7
votes

On https://keras.io/layers/recurrent/ I see that LSTM layers have a kernel and a recurrent_kernel. What is their meaning? In my understanding, we need weights for the 4 gates of an LSTM cell. However, in keras implementation, kernel has a shape of (input_dim, 4*units) and recurrent_kernel has a shape of (units, 4*units). So, are both of them somehow implementing the gates?

1

1 Answers

14
votes

Correct me if I'm wrong, but if you take a look at the LSTM equations:

enter image description here

You have 4 W matrices that transform the input and 4 U matrices that transform the hidden state.

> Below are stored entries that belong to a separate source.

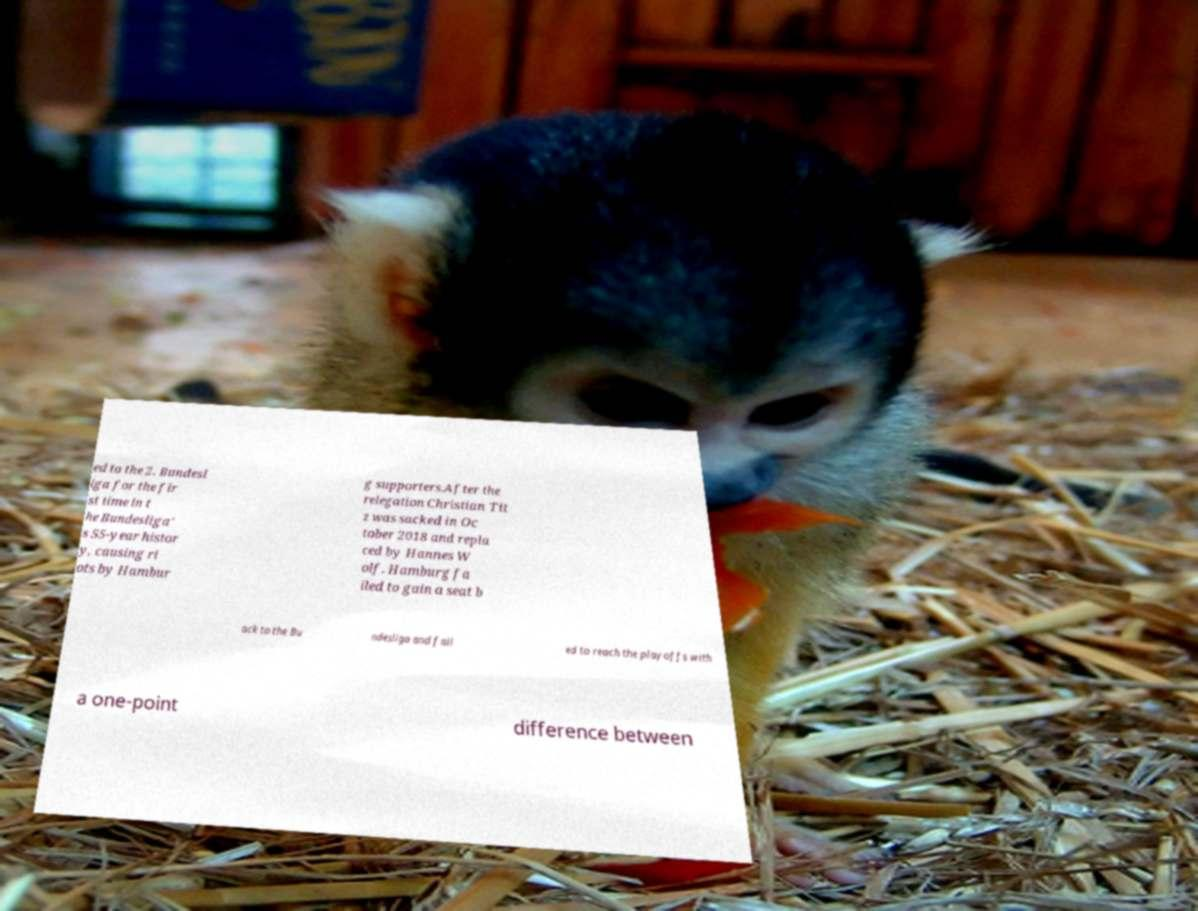Could you extract and type out the text from this image? ed to the 2. Bundesl iga for the fir st time in t he Bundesliga' s 55-year histor y, causing ri ots by Hambur g supporters.After the relegation Christian Tit z was sacked in Oc tober 2018 and repla ced by Hannes W olf. Hamburg fa iled to gain a seat b ack to the Bu ndesliga and fail ed to reach the playoffs with a one-point difference between 
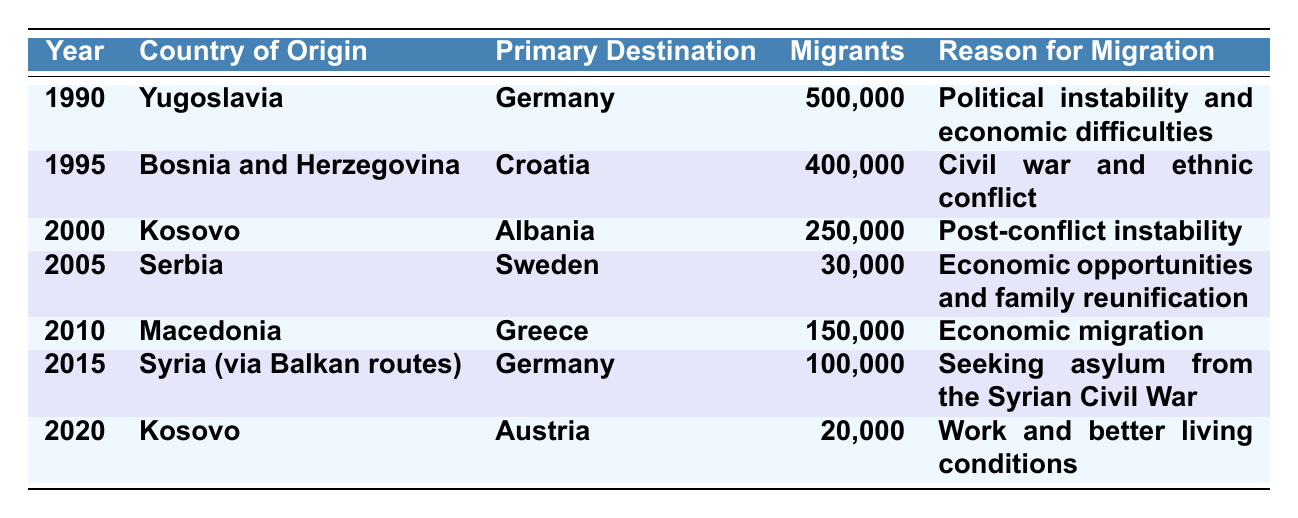What was the primary destination for migrants from Yugoslavia in 1990? The table shows that the primary destination for migrants from Yugoslavia in 1990 was Germany.
Answer: Germany How many migrants moved from Bosnia and Herzegovina in 1995? From the table, it is stated that 400,000 migrants moved from Bosnia and Herzegovina in 1995.
Answer: 400,000 What is the total number of migrants recorded in the table from 1990 to 2020? The total number is calculated by adding all migrant numbers: 500,000 + 400,000 + 250,000 + 30,000 + 150,000 + 100,000 + 20,000 = 1,450,000.
Answer: 1,450,000 Which country had the highest number of migrants in the year 1990? The table indicates that Yugoslavia had the highest number of migrants in 1990, with 500,000 migrants moving to Germany.
Answer: Yugoslavia Was there any migration from Kosovo in the year 2005? The table shows that there were no records of migration from Kosovo in 2005; the origin country listed for that year is Serbia.
Answer: No In which year did the number of migrants from Syria via Balkan routes surpass 100,000? The table presents data for 2015, where the number of migrants from Syria via Balkan routes was 100,000, which is not surpassed by any other year in the table for this specific country.
Answer: 2015 What reasons for migration are mentioned for Kosovo migrants in the years 2000 and 2020? The table shows that in 2000, migrants from Kosovo moved to Albania due to post-conflict instability, and in 2020, they moved to Austria for work and better living conditions.
Answer: Post-conflict instability; Work and better living conditions How many more migrants moved from Bosnia and Herzegovina than from Serbia in 2005? From the table, 400,000 migrants moved from Bosnia and Herzegovina and 30,000 from Serbia in 2005. Subtracting gives 400,000 - 30,000 = 370,000.
Answer: 370,000 Which two countries had migration data recorded in the same year of 2010? The table shows that in 2010, there were migrants from Macedonia to Greece. This is the only record for that year.
Answer: Macedonia to Greece Was the reason for migration from Kosovo consistent in both 2000 and 2020? The reasons are different; in 2000 it was for post-conflict instability, while in 2020 it was for work and better living conditions.
Answer: No 
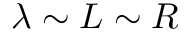Convert formula to latex. <formula><loc_0><loc_0><loc_500><loc_500>\lambda \sim L \sim R</formula> 
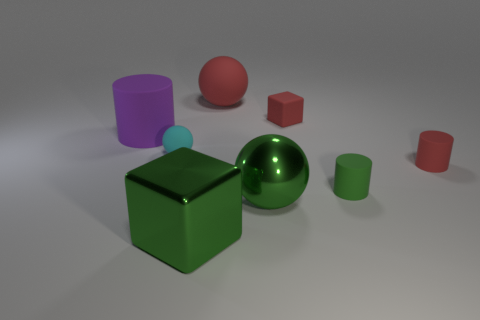Do the metallic sphere and the cyan object have the same size?
Offer a very short reply. No. There is a large green thing that is in front of the big ball in front of the tiny cyan rubber sphere; is there a green metal thing behind it?
Make the answer very short. Yes. There is a big sphere that is made of the same material as the tiny red cube; what is its color?
Provide a succinct answer. Red. There is a big rubber object that is in front of the rubber cube; is its color the same as the tiny ball?
Give a very brief answer. No. What size is the matte cylinder that is to the right of the green object that is to the right of the block on the right side of the large red ball?
Provide a short and direct response. Small. The other matte object that is the same size as the purple rubber thing is what shape?
Your answer should be very brief. Sphere. Are the ball that is to the right of the big matte sphere and the green block made of the same material?
Your answer should be compact. Yes. How big is the block that is in front of the red rubber object that is right of the tiny green rubber cylinder?
Your response must be concise. Large. There is a ball that is both in front of the big matte cylinder and to the right of the tiny cyan thing; what color is it?
Offer a very short reply. Green. What is the material of the red sphere that is the same size as the purple matte thing?
Provide a succinct answer. Rubber. 
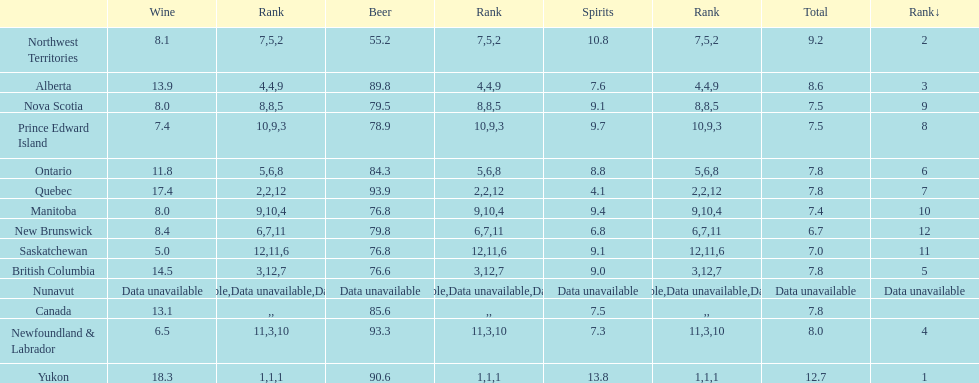Which province is the top consumer of wine? Yukon.

Keras saves these sets of 4 matrices into the kernel and recurrent_kernel weight arrays. From the code that uses them:

self.kernel_i = self.kernel[:, :self.units]
self.kernel_f = self.kernel[:, self.units: self.units * 2]
self.kernel_c = self.kernel[:, self.units * 2: self.units * 3]
self.kernel_o = self.kernel[:, self.units * 3:]

self.recurrent_kernel_i = self.recurrent_kernel[:, :self.units]
self.recurrent_kernel_f = self.recurrent_kernel[:, self.units: self.units * 2]
self.recurrent_kernel_c = self.recurrent_kernel[:, self.units * 2: self.units * 3]
self.recurrent_kernel_o = self.recurrent_kernel[:, self.units * 3:]

Apparently the 4 matrices are stored inside the weight arrays concatenated along the second dimension, which explains the weight array shapes.